(Items from a data source)
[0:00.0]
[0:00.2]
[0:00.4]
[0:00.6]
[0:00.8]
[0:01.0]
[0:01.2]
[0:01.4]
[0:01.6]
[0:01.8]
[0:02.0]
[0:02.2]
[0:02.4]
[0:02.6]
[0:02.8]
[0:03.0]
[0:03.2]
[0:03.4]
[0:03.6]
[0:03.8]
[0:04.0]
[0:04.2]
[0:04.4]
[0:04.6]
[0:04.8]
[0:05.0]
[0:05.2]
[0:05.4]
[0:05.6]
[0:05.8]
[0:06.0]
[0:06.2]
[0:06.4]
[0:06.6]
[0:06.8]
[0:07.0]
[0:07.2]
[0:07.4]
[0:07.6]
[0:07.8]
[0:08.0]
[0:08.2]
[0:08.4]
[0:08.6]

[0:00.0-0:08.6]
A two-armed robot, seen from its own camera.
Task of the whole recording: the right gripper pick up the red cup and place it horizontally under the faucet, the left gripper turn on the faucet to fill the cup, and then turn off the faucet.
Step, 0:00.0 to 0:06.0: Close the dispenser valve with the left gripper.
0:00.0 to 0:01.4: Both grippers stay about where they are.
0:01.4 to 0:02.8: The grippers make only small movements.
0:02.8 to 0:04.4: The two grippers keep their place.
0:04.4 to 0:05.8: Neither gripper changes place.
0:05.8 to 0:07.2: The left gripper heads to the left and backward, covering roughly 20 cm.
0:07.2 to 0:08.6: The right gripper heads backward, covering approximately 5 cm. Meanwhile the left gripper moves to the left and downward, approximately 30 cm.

* WHAT YOU HAVE TO DO *
Could you return the data above exactly as it stands?

* SOLVED EXERCISE *
[0:00.0]
[0:00.2]
[0:00.4]
[0:00.6]
[0:00.8]
[0:01.0]
[0:01.2]
[0:01.4]
[0:01.6]
[0:01.8]
[0:02.0]
[0:02.2]
[0:02.4]
[0:02.6]
[0:02.8]
[0:03.0]
[0:03.2]
[0:03.4]
[0:03.6]
[0:03.8]
[0:04.0]
[0:04.2]
[0:04.4]
[0:04.6]
[0:04.8]
[0:05.0]
[0:05.2]
[0:05.4]
[0:05.6]
[0:05.8]
[0:06.0]
[0:06.2]
[0:06.4]
[0:06.6]
[0:06.8]
[0:07.0]
[0:07.2]
[0:07.4]
[0:07.6]
[0:07.8]
[0:08.0]
[0:08.2]
[0:08.4]
[0:08.6]

[0:00.0-0:08.6]
A two-armed robot, seen from its own camera.
Task of the whole recording: the right gripper pick up the red cup and place it horizontally under the faucet, the left gripper turn on the faucet to fill the cup, and then turn off the faucet.
Step, 0:00.0 to 0:06.0: Close the dispenser valve with the left gripper.
0:00.0 to 0:01.4: Both grippers stay about where they are.
0:01.4 to 0:02.8: The grippers make only small movements.
0:02.8 to 0:04.4: The two grippers keep their place.
0:04.4 to 0:05.8: Neither gripper changes place.
0:05.8 to 0:07.2: The left gripper heads to the left and backward, covering roughly 20 cm.
0:07.2 to 0:08.6: The right gripper heads backward, covering approximately 5 cm. Meanwhile the left gripper moves to the left and downward, approximately 30 cm.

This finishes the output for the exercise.